FYI, this change caused widespread performance regressions in our testing. We haven't investigated further since the change was reverted.

I can re-run these tests and do some analysis on the next revision once you decide to reapply.

At this point this is waiting on @alexfh's reproducer mostly.

IIUC, the reproducer you mentioned is the one here: https://reviews.llvm.org/rG9ddff66d0c9c3e18d56e6b20aa26a2a8cdfb6d2b#1158810. Given that there was a bit of confusion and the problem had been fixed in ToT before the issue was reported, there's no concerns on our side about relanding this commit.

Just fyi, our performance testing shows around 20% improvements of the mediabench-g721 benchmark from the LLVM's MultiSource test-suite associated with the reland of this patch (428f36401b1b695fd501ebfdc8773bed8ced8d4e) and no regressions on any other benchmarks we run.

@apilipenko @samtebbs please, can you clarify, do you wish to block relanding of this patch until those issues you saw are addressed, or at least reduced and reported?

FYI, this change caused widespread performance regressions in our testing. We haven't investigated further since the change was reverted.
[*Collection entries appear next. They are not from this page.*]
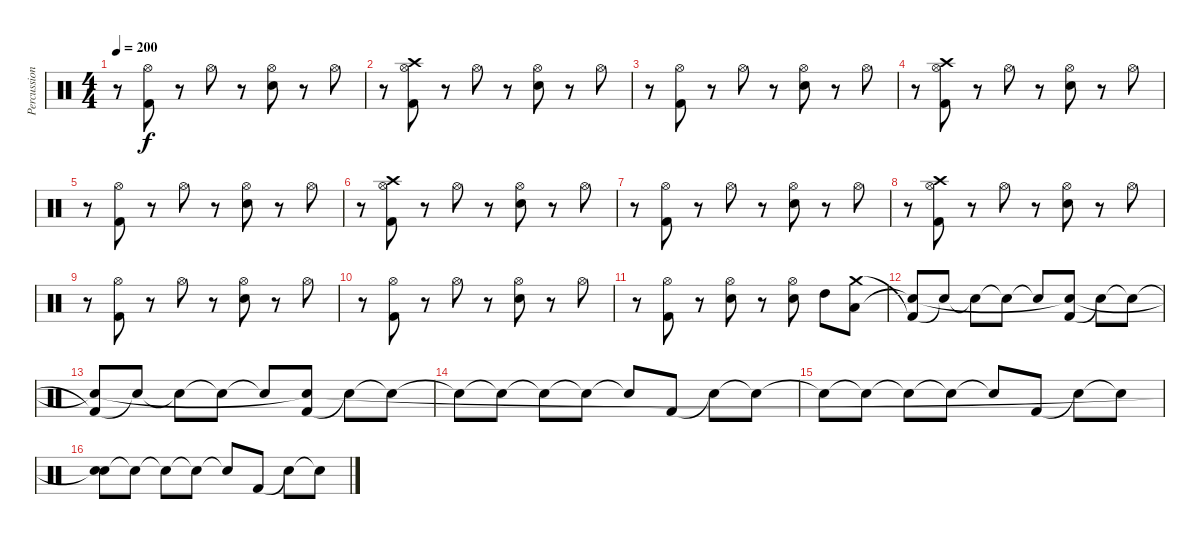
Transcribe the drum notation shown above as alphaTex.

\track ("Percussion" "Percussion") {instrument percussion}
\staff {score}
\articulation defaults
\ts (4 4)
\tempo 200
\clef neutral
\ks c
r.8{dy f} ("Kick (hit) 2" "Hi-Hat (open)").8 r.8 "Hi-Hat (open)".8 r.8 ("Snare (hit) 2" "Hi-Hat (open)").8 r.8 "Hi-Hat (open)".8 |
r.8 ("Kick (hit) 2" "Hi-Hat (open)" "Crash high (hit)").8 r.8 "Hi-Hat (open)".8 r.8 ("Snare (hit) 2" "Hi-Hat (open)").8 r.8 "Hi-Hat (open)".8 |
r.8 ("Kick (hit) 2" "Hi-Hat (open)").8 r.8 "Hi-Hat (open)".8 r.8 ("Snare (hit) 2" "Hi-Hat (open)").8 r.8 "Hi-Hat (open)".8 |
r.8 ("Kick (hit) 2" "Hi-Hat (open)" "Crash high (hit)").8 r.8 "Hi-Hat (open)".8 r.8 ("Snare (hit) 2" "Hi-Hat (open)").8 r.8 "Hi-Hat (open)".8 |
r.8 ("Kick (hit) 2" "Hi-Hat (open)").8 r.8 "Hi-Hat (open)".8 r.8 ("Snare (hit) 2" "Hi-Hat (open)").8 r.8 "Hi-Hat (open)".8 |
r.8 ("Kick (hit) 2" "Hi-Hat (open)" "Crash high (hit)").8 r.8 "Hi-Hat (open)".8 r.8 ("Snare (hit) 2" "Hi-Hat (open)").8 r.8 "Hi-Hat (open)".8 |
r.8 ("Kick (hit) 2" "Hi-Hat (open)").8 r.8 "Hi-Hat (open)".8 r.8 ("Snare (hit) 2" "Hi-Hat (open)").8 r.8 "Hi-Hat (open)".8 |
r.8 ("Kick (hit) 2" "Hi-Hat (open)" "Crash high (hit)").8 r.8 "Hi-Hat (open)".8 r.8 ("Snare (hit) 2" "Hi-Hat (open)").8 r.8 "Hi-Hat (open)".8 |
r.8 ("Kick (hit) 2" "Hi-Hat (open)").8 r.8 "Hi-Hat (open)".8 r.8 ("Snare (hit) 2" "Hi-Hat (open)").8 r.8 "Hi-Hat (open)".8 |
r.8 ("Kick (hit) 2" "Hi-Hat (open)").8 r.8 "Hi-Hat (open)".8 r.8 ("Snare (hit) 2" "Hi-Hat (open)").8 r.8 "Hi-Hat (open)".8 |
r.8 ("Kick (hit) 2" "Hi-Hat (open)").8 r.8 ("Snare (hit) 2" "Hi-Hat (open)").8 r.8 ("Snare (hit) 2" "Hi-Hat (open)").8 "High Tom (hit)".8 ("Crash medium (hit)" "Low Floor Tom (hit)").8 |
("Kick (hit) 2"{t} "Snare (hit)"{t}).8 "Snare (hit)"{t}.8 "Snare (hit)"{t}.8 "Snare (hit)"{t}.8 "Snare (hit)"{t}.8 ("Kick (hit) 2" "Snare (hit)"{t}).8 "Snare (hit)"{t}.8 "Snare (hit)"{t}.8 |
("Kick (hit) 2"{t} "Snare (hit)"{t}).8 "Snare (hit)"{t}.8 "Snare (hit)"{t}.8 "Snare (hit)"{t}.8 "Snare (hit)"{t}.8 ("Kick (hit) 2" "Snare (hit)"{t}).8 "Snare (hit)"{t}.8 "Snare (hit)"{t}.8 |
"Snare (hit)"{t}.8 "Snare (hit)"{t}.8 "Snare (hit)"{t}.8 "Snare (hit)"{t}.8 "Snare (hit)"{t}.8 "Kick (hit) 2".8 "Snare (hit)"{t}.8 "Snare (hit)"{t}.8 |
"Snare (hit)"{t}.8 "Snare (hit)"{t}.8 "Snare (hit)"{t}.8 "Hand Clap (hit)"{t}.8 "Snare (hit)"{t}.8 "Kick (hit) 2".8 "Snare (hit)"{t}.8 "Snare (hit)"{t}.8 |
("Electric Snare (hit)" "Snare (hit)"{t}).8 "Snare (hit)"{t}.8 "Snare (hit)"{t}.8 "Snare (hit)"{t}.8 "Snare (hit)"{t}.8 "Kick (hit) 2".8 "Hand Clap (hit)"{t}.8 "Snare (hit)"{t}.8

I can re-run these tests and do some analysis on the next revision once you decide to reapply.

At this point this is waiting on @alexfh's reproducer mostly.

IIUC, the reproducer you mentioned is the one here: https://reviews.llvm.org/rG9ddff66d0c9c3e18d56e6b20aa26a2a8cdfb6d2b#1158810. Given that there was a bit of confusion and the problem had been fixed in ToT before the issue was reported, there's no concerns on our side about relanding this commit.

Just fyi, our performance testing shows around 20% improvements of the mediabench-g721 benchmark from the LLVM's MultiSource test-suite associated with the reland of this patch (428f36401b1b695fd501ebfdc8773bed8ced8d4e) and no regressions on any other benchmarks we run.

Thank you!

samtebbs added a comment.EditedJan 17 2023, 8:28 AM

After investigating it looks like the regressions are due to something downstream so I don't want to block this relanding based on that. Thank you for waiting.

After investigating it looks like the regressions are due to something downstream so I don't want to block this relanding based on that. Thank you for waiting.

Thanks! @apilipenko ?

Hi @lebedev.ri , after some more investigation it looks like the regressions are due to this patch breaking canonical loop form and therefore preventing optimisations later on in the pipeline. I don't think that the additional comparisons and selects that come from this transformation are ideal in all cases, either. I've attached a reproducer.